Так, без сна, они и дождались рассвета.
Глава XVII
Игнатьев бредил. Никого не узнавал. Татаринов поехал к Лихачёву — командиру эскадры. Сообщил о несчастье, о том, что они вынуждены никому не говорить о покушении: сохраняли строжайшую тайну.
Лихачёв немедленно отправился на фрегат «Светлана» и вернулся с судовым врачом, который осмотрел Игнатьева и, сосчитав удары его сердца, задумался.
— Одна надежда на молодость и сильный организм, — сказал он после длительного размышления и стал раскладывать аптечку. — По всей видимости, — обратился он к Татаринову, взявшему на себя роль «народного целителя», — состав яда очень сложный. Только этим можно объяснить внезапный бред.
— Какова обязанность стрелы? — в пятый или шестой раз приподнимался на локтях Игнатьев и невидяще смотрел на Вульфа. — Лететь! — уже привычно отвечал он комнатному потолку и в изнеможении падал на подушку.

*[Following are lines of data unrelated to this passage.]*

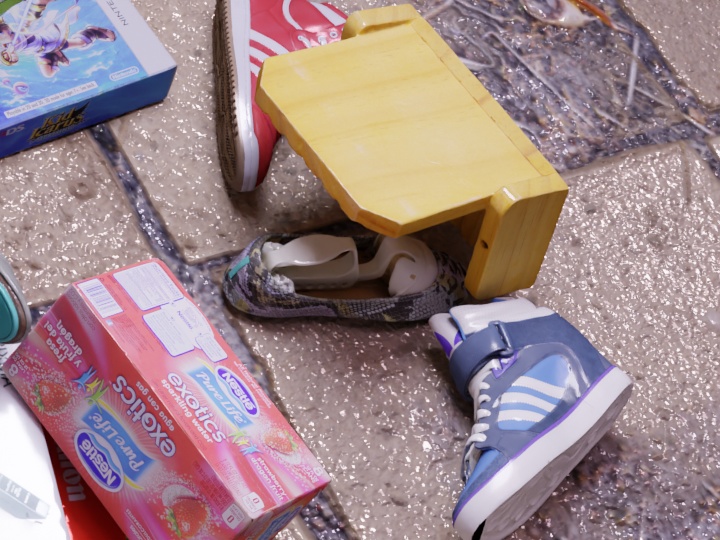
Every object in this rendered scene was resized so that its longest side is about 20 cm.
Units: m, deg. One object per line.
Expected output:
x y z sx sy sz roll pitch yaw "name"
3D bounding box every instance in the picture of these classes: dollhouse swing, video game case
0.019 -0.068 1.782 0.175 0.182 0.200 -27 64 -26 "dollhouse swing"
-0.269 -0.180 1.828 0.200 0.045 0.181 -23 65 -34 "video game case"

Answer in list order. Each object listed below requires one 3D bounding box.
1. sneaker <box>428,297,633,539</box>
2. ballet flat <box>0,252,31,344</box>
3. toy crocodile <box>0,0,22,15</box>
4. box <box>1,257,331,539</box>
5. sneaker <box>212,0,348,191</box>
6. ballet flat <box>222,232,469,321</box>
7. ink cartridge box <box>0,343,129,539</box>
0.089 0.098 1.751 0.146 0.081 0.200 37 53 18 "sneaker"
-0.284 -0.012 1.649 0.200 0.068 0.064 25 31 28 "ballet flat"
-0.329 -0.158 1.732 0.200 0.062 0.068 -36 70 -12 "toy crocodile"
-0.129 0.101 1.615 0.200 0.095 0.103 51 32 12 "box"
-0.054 -0.140 1.869 0.112 0.071 0.201 6 51 -14 "sneaker"
0.000 0.000 1.787 0.200 0.072 0.072 -1 56 -23 "ballet flat"
-0.220 0.119 1.626 0.173 0.044 0.201 -4 57 -23 "ink cartridge box"
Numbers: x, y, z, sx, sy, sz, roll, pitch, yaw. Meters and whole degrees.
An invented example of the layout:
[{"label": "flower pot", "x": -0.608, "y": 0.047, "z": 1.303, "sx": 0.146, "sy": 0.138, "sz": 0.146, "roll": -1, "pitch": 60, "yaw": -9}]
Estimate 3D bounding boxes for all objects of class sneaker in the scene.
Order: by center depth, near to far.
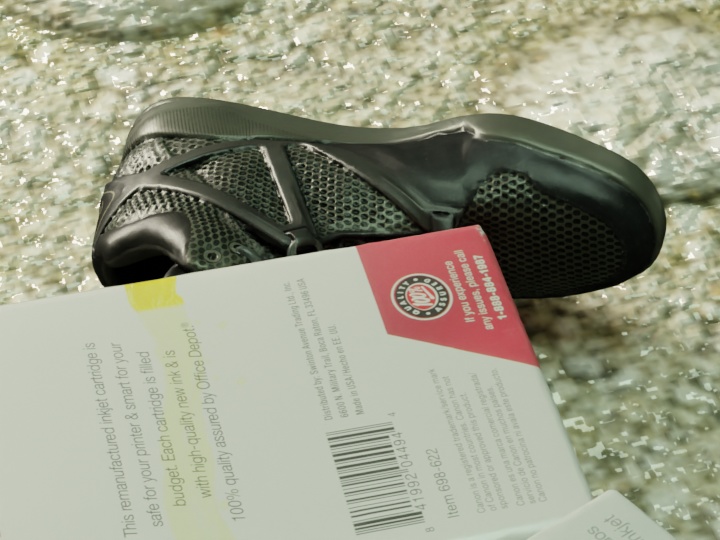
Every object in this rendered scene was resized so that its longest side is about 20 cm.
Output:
[{"label": "sneaker", "x": 0.000, "y": 0.000, "z": 0.980, "sx": 0.199, "sy": 0.076, "sz": 0.114, "roll": 6, "pitch": 43, "yaw": 14}]

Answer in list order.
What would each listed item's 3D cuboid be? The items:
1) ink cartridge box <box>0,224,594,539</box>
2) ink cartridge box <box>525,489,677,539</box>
[{"label": "ink cartridge box", "x": -0.041, "y": 0.074, "z": 0.886, "sx": 0.199, "sy": 0.084, "sz": 0.145, "roll": -9, "pitch": 41, "yaw": -8}, {"label": "ink cartridge box", "x": 0.032, "y": 0.184, "z": 0.709, "sx": 0.200, "sy": 0.145, "sz": 0.145, "roll": -29, "pitch": 48, "yaw": -26}]
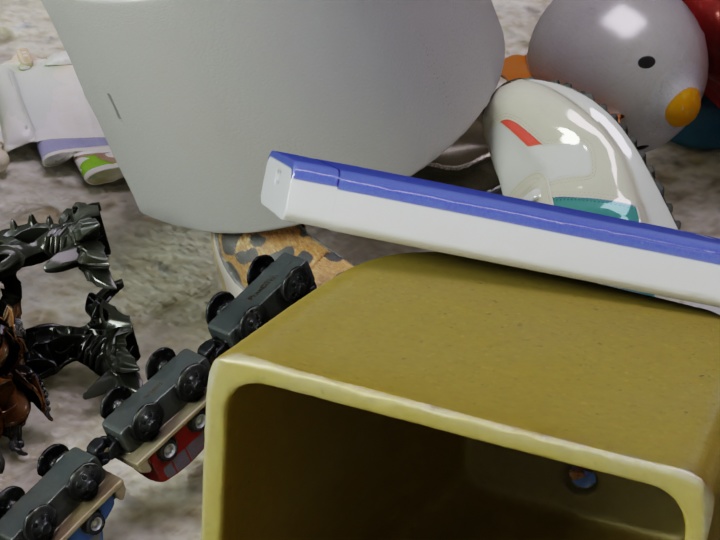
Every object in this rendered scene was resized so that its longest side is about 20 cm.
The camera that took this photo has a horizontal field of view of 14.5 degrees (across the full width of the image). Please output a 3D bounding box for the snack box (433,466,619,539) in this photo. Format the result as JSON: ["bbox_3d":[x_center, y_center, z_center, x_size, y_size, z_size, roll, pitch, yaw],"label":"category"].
[{"bbox_3d":[0.108,0.119,1.252,0.199,0.024,0.072,22,39,23],"label":"snack box"}]

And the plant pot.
[{"bbox_3d":[0.063,0.095,1.128,0.193,0.197,0.200,14,30,17],"label":"plant pot"}]

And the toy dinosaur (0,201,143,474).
[{"bbox_3d":[-0.176,0.022,1.301,0.135,0.102,0.201,-15,57,-1],"label":"toy dinosaur"}]

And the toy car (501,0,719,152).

— А какова обязанность стрелы, выпущенной в цель? — Его трясло, губы синели, и он с трудом ворочал языком. — Попасть в неё, попасть! — Голос его срывался, и он надолго умолкал, чтобы вновь заговорить: — Вот этой стрелой вы и являетесь. Вам нужно достичь цели. Поразить её.
Сосредоточьтесь.
— Плетёт из ветра шляпу, — неодобрительно покачал головой судовой врач и со свойственным многим армейским эскулапам цинизмом криво усмехнулся. — Это называется: покойник страшно возбудился, когда недооценили тяжесть его состояния.

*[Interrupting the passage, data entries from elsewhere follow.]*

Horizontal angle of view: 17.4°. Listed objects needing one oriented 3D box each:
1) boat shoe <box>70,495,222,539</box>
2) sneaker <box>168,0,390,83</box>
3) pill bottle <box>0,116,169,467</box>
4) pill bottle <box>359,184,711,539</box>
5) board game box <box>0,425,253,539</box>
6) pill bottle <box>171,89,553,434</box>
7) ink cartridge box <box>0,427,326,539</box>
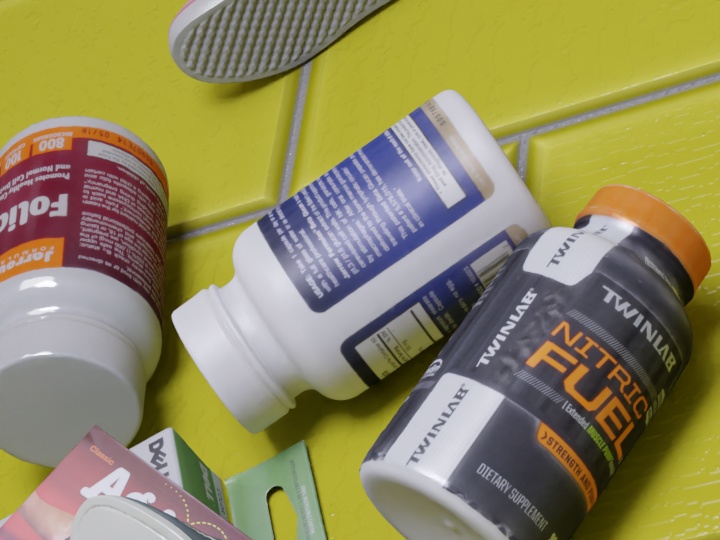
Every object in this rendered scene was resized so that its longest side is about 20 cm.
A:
[{"bbox_3d":[-0.058,0.173,1.137,0.200,0.062,0.073,33,111,26],"label":"boat shoe"},{"bbox_3d":[-0.044,-0.201,1.555,0.199,0.076,0.105,-29,43,-3],"label":"sneaker"},{"bbox_3d":[-0.173,0.012,1.403,0.114,0.114,0.201,-22,40,17],"label":"pill bottle"},{"bbox_3d":[0.095,0.052,1.168,0.106,0.106,0.200,15,61,45],"label":"pill bottle"},{"bbox_3d":[-0.090,0.170,1.174,0.199,0.019,0.103,33,64,19],"label":"board game box"},{"bbox_3d":[0.000,0.000,1.288,0.199,0.111,0.111,-35,38,2],"label":"pill bottle"},{"bbox_3d":[-0.120,0.155,1.261,0.199,0.059,0.104,-28,39,10],"label":"ink cartridge box"}]
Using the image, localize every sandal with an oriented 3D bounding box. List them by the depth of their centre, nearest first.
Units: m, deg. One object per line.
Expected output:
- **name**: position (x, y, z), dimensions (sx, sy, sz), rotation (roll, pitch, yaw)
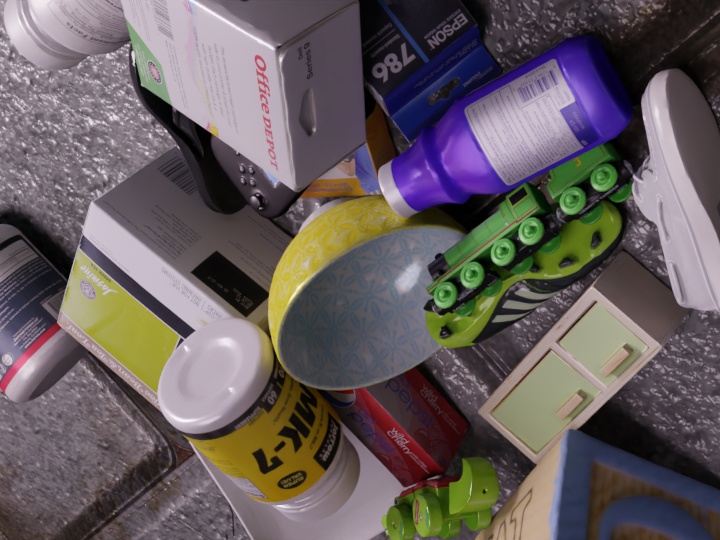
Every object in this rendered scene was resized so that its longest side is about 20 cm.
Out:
- **sandal**: position (-0.143, -0.139, 1.201), dimensions (0.048, 0.075, 0.201), rotation (11, 140, 43)

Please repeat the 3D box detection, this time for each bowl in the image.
- **bowl**: position (0.000, 0.000, 1.145), dimensions (0.108, 0.199, 0.201), rotation (59, 147, 38)

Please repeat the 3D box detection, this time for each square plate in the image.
- **square plate**: position (-0.041, 0.192, 1.314), dimensions (0.199, 0.200, 0.028), rotation (60, 176, -15)

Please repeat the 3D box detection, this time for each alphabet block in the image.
- **alphabet block**: position (0.207, 0.293, 1.121), dimensions (0.195, 0.197, 0.200), rotation (24, 135, -6)

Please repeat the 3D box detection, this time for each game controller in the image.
- **game controller**: position (-0.062, -0.129, 1.121), dimensions (0.104, 0.042, 0.200), rotation (46, 136, 1)

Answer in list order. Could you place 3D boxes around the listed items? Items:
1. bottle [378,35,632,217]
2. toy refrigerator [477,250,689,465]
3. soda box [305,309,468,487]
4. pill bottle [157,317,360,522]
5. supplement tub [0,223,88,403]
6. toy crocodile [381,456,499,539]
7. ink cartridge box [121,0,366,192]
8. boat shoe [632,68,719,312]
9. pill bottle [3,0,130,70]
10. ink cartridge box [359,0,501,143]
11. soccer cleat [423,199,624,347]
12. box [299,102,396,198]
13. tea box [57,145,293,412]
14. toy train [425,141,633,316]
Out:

— Типун вам на язык! — не на шутку осердился Вульф. — Несёте чепуху!
— Простите, — извинился медик, поняв, что сморозил глупость.

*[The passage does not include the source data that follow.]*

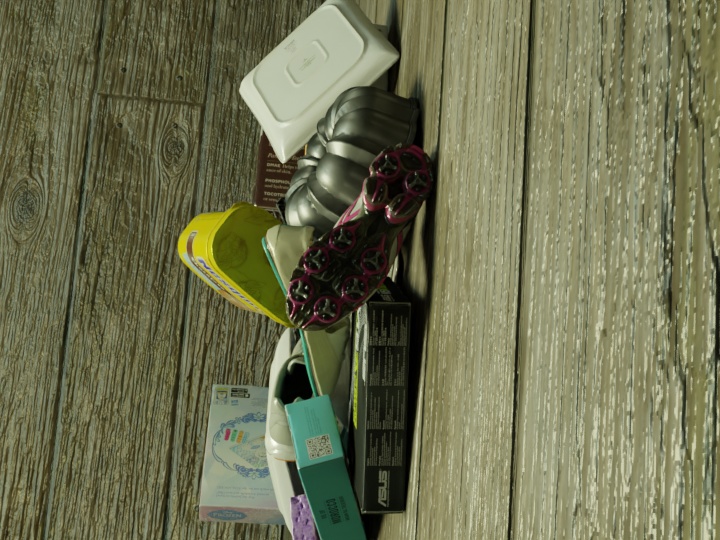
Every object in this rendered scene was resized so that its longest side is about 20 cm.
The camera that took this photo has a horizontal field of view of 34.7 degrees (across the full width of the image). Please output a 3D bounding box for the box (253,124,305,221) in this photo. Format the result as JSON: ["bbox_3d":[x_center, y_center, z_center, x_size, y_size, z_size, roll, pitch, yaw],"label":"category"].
[{"bbox_3d":[-0.081,-0.156,1.798,0.166,0.163,0.202,114,161,-73],"label":"box"}]

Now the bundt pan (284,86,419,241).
[{"bbox_3d":[-0.019,-0.112,1.234,0.202,0.075,0.202,-56,16,25],"label":"bundt pan"}]

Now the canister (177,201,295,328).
[{"bbox_3d":[-0.129,-0.008,1.345,0.087,0.148,0.200,-53,17,-11],"label":"canister"}]

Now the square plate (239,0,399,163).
[{"bbox_3d":[-0.064,-0.259,1.489,0.028,0.200,0.199,41,-168,-43],"label":"square plate"}]

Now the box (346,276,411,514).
[{"bbox_3d":[0.016,0.115,1.143,0.193,0.047,0.202,-108,20,-82],"label":"box"}]

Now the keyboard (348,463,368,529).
[{"bbox_3d":[-0.015,0.295,1.366,0.104,0.039,0.202,-113,29,-77],"label":"keyboard"}]

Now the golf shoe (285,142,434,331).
[{"bbox_3d":[0.002,-0.021,1.072,0.200,0.072,0.092,-53,-7,-15],"label":"golf shoe"}]

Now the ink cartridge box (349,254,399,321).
[{"bbox_3d":[0.000,0.000,1.326,0.200,0.067,0.117,-98,15,-66],"label":"ink cartridge box"}]

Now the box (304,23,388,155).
[{"bbox_3d":[-0.022,-0.232,1.611,0.201,0.097,0.125,103,170,-54],"label":"box"}]

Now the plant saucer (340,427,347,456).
[{"bbox_3d":[-0.015,0.210,1.459,0.200,0.019,0.070,105,-175,-73],"label":"plant saucer"}]

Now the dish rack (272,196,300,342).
[{"bbox_3d":[-0.065,0.000,1.518,0.201,0.054,0.153,67,-164,7],"label":"dish rack"}]

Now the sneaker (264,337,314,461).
[{"bbox_3d":[-0.057,0.118,1.310,0.201,0.075,0.093,-75,-10,-51],"label":"sneaker"}]

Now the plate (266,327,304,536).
[{"bbox_3d":[-0.089,0.206,1.432,0.201,0.032,0.200,-89,-6,-46],"label":"plate"}]

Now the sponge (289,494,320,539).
[{"bbox_3d":[-0.049,0.336,1.380,0.200,0.030,0.112,68,-167,-71],"label":"sponge"}]

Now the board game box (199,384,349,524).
[{"bbox_3d":[-0.113,0.251,1.577,0.044,0.198,0.200,98,175,-45],"label":"board game box"}]

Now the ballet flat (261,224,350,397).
[{"bbox_3d":[-0.044,0.044,1.196,0.070,0.069,0.201,-100,-7,-70],"label":"ballet flat"}]

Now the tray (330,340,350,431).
[{"bbox_3d":[-0.007,0.118,1.341,0.108,0.022,0.201,57,-163,-32],"label":"tray"}]

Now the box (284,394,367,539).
[{"bbox_3d":[-0.033,0.226,1.228,0.201,0.049,0.083,78,177,-47],"label":"box"}]
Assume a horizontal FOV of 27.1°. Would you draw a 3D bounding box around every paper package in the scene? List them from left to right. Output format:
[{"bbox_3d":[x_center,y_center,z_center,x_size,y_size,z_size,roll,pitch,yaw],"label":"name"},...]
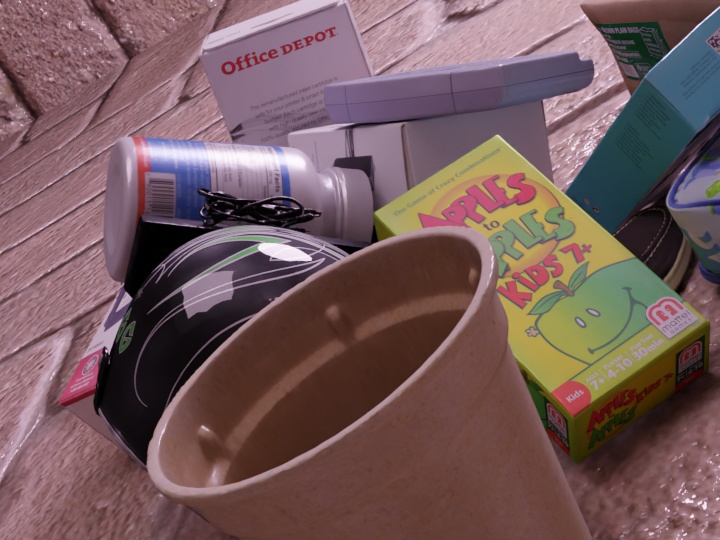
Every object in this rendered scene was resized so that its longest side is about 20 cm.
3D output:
[{"bbox_3d":[0.313,-0.232,1.215,0.190,0.104,0.199,-40,21,-17],"label":"paper package"}]

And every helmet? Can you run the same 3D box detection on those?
[{"bbox_3d":[-0.066,0.064,1.031,0.191,0.199,0.200,-50,19,4],"label":"helmet"}]

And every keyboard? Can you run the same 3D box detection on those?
[{"bbox_3d":[-0.071,-0.017,1.110,0.040,0.197,0.105,-107,30,-47],"label":"keyboard"}]

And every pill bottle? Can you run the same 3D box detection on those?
[{"bbox_3d":[-0.095,-0.043,1.166,0.197,0.114,0.112,3,10,-19],"label":"pill bottle"}]

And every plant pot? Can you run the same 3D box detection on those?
[{"bbox_3d":[0.025,0.111,0.754,0.199,0.184,0.201,-30,20,12],"label":"plant pot"}]

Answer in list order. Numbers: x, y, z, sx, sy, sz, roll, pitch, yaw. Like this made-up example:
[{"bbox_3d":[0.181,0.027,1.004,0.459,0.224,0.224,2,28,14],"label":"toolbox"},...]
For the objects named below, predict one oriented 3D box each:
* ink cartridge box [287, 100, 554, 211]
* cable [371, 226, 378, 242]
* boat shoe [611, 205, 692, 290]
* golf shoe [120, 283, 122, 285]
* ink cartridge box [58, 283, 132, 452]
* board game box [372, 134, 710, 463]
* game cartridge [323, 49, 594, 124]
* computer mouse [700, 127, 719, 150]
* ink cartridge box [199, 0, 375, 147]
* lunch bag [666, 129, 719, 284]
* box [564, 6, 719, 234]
[{"bbox_3d":[0.048,-0.090,1.262,0.143,0.085,0.199,-13,9,-29],"label":"ink cartridge box"},{"bbox_3d":[0.000,0.000,1.252,0.162,0.051,0.200,-32,19,7],"label":"cable"},{"bbox_3d":[0.147,0.014,0.962,0.073,0.065,0.200,-11,29,50],"label":"boat shoe"},{"bbox_3d":[-0.190,0.004,1.470,0.087,0.078,0.200,-19,16,-20],"label":"golf shoe"},{"bbox_3d":[-0.150,0.038,1.264,0.144,0.084,0.201,-24,35,48],"label":"ink cartridge box"},{"bbox_3d":[0.105,0.011,0.899,0.101,0.048,0.200,-32,52,-14],"label":"board game box"},{"bbox_3d":[0.070,-0.145,1.193,0.132,0.041,0.199,-11,8,-42],"label":"game cartridge"},{"bbox_3d":[0.302,-0.127,1.092,0.199,0.034,0.059,-16,28,43],"label":"computer mouse"},{"bbox_3d":[-0.049,-0.147,1.411,0.145,0.202,0.083,-18,21,6],"label":"ink cartridge box"},{"bbox_3d":[0.291,-0.074,0.913,0.200,0.083,0.160,-45,23,-29],"label":"lunch bag"},{"bbox_3d":[0.201,-0.091,1.008,0.082,0.049,0.200,-41,-10,-20],"label":"box"}]

Татаринов поднялся с кресла и распахнул створки окна. В комнату ворвался свежий воздух, принёсший с собой аромат магнолий и омытой росою травы. «Мелкая рыба любит тёплую воду, а крупная ищет холодную», — подумал он и выглянул в окно. Солнце ещё не поднялось над морем, но верхушки облаков уже окрасились в нежно-золотистые тона. Быстро-быстро, со свистом в крыльях, пролетели дикие утки, за ними потянулись чайки. Во дворе расставлял караул хорунжий Чурилин. Слышен был его хриплый, начальственный голос. Тихо, еле слышно, шелестел бамбук.